KELIMA, mestinya bukan proteksi yang dilakukan tapi lebih tepat memberikan stimulus ekonomi. Tapi pada kenyataannya, stimulus ekonomi tidak lagi serta merta dapat diberikan karena likuiditas keuangan negara hampir semua negara mengalami tekanan berat akibat beban utang global telah mencapai 355% terhadap GDP global. Nyaris tidak ada negara di dunia yang mampu menyandang status INVESMENT GRADE sehingga muncul ancaman krisis utang global hingga ancaman kebangkrutan.
Di tingkat policy pemerintah yang selalu diterapkan sebagai pilihan kebijakan tidak banyak yaitu, kebijakan stimulus ekonomi, atau melakukan kontraksi anggaran belanja pemerintah, dan pilihan terakhir adalah proteksi.
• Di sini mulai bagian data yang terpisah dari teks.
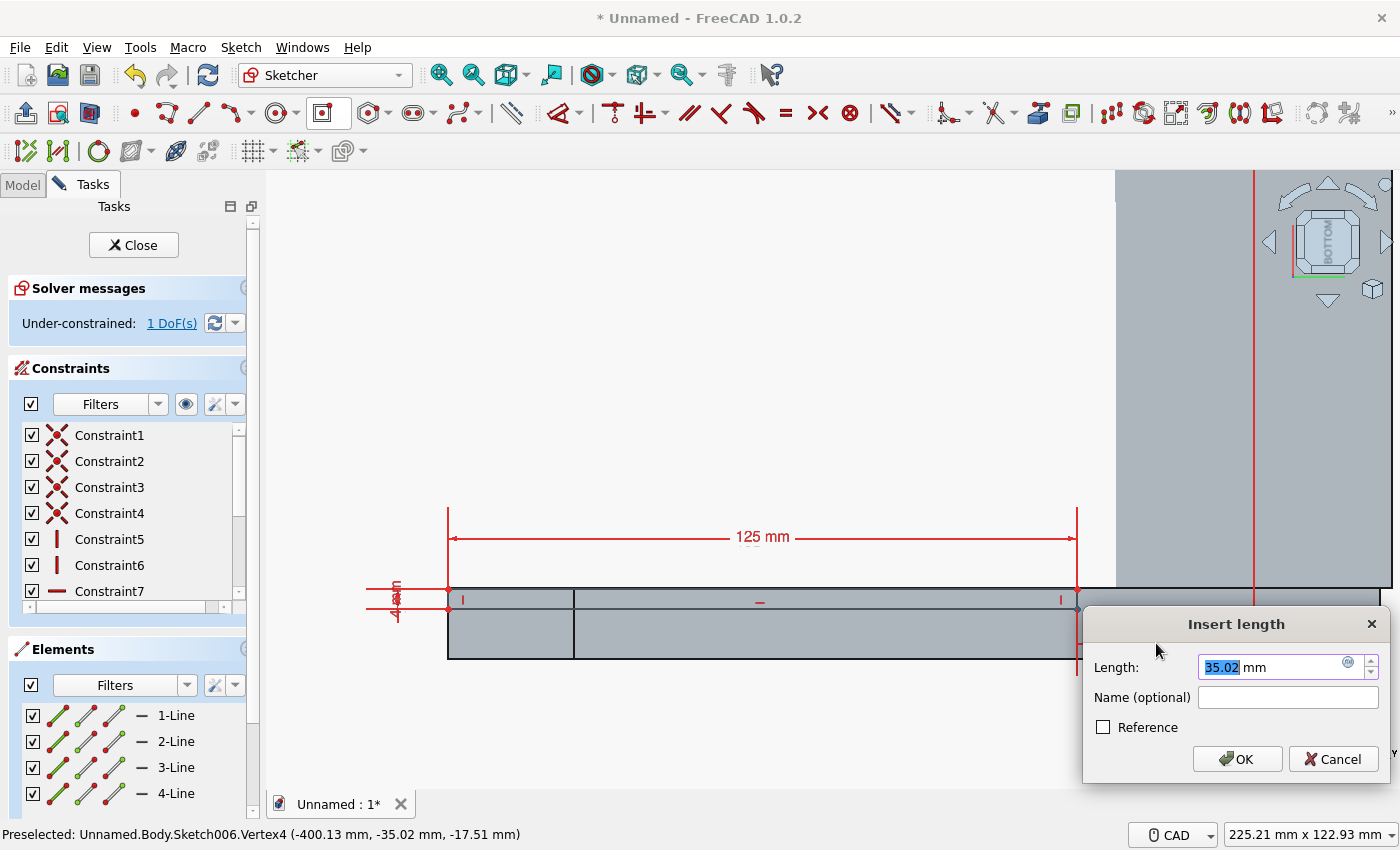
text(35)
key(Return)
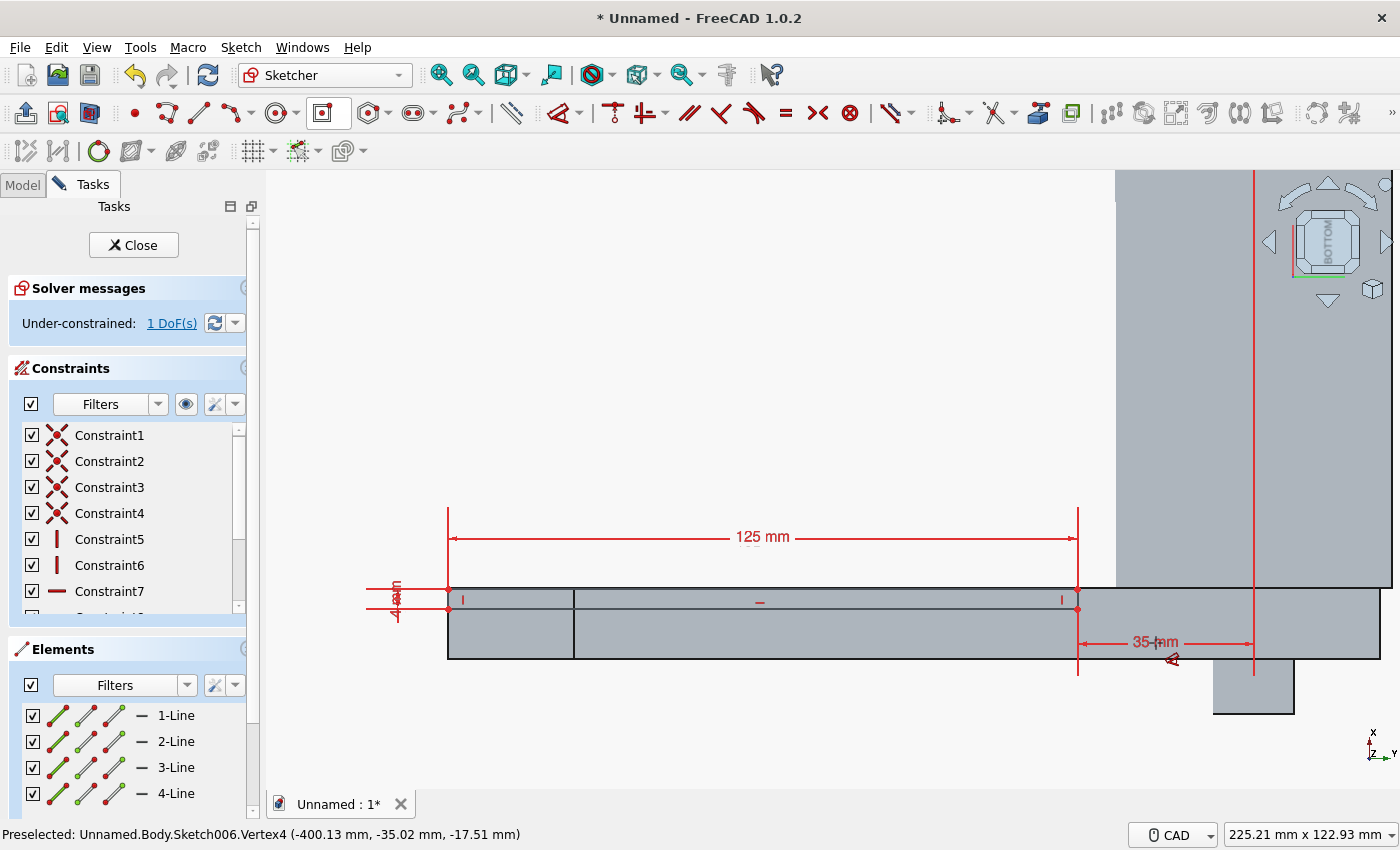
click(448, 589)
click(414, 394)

Pemerintah dapat bersifat fleksibel untuk dapat memilih berbagai instrumen kebijakan yang akan dipilih.
Yang penulis catat justru kenapa WTO tak banyak bersuara ketika ekonomi global carut marut sekarang ini. Jurusnya tidak muncul, padahal masalah dunia saat ini bukan hanya di seputar masalah keuangan dan moneter saja, tapi juga telah menjadi masalah di bidang investasi industri, dan perdagangan.
KEENAM, pada akhirnya kita harus jujur mengatakan bahwa : 1) dari sisi kepentingan nasional dan sesuai amanat UU nomor 3/2014 tentang perindustrian, maka pemerintah harus fokus pada upaya pengamanan dan penyelamatan industri nasional sebagai bagian tak terpisahkan dari upaya penyelamatan perekonomian nasional yang juga diatur dalam UU Keuangan Negara nomor 17/2003 pasal 24 ayat (7).
2) Pemerintah perlu fokus memberikan ruang kepada industri agar tetap mampu menjaga market share di pasar dalam negeri dan ekspor supaya pelaku industri penghasil barang dan jasa tetap mampu expected return, income and profit. Kebijakan ini jelas menjadi isu utama dari kebijakan pengamanan dan penyelamatan industri.
3) kendalikan impor barang dan jasa yang tidak penting, baik untuk kepentingan konsumsi maupun investasi maupun pembangunan.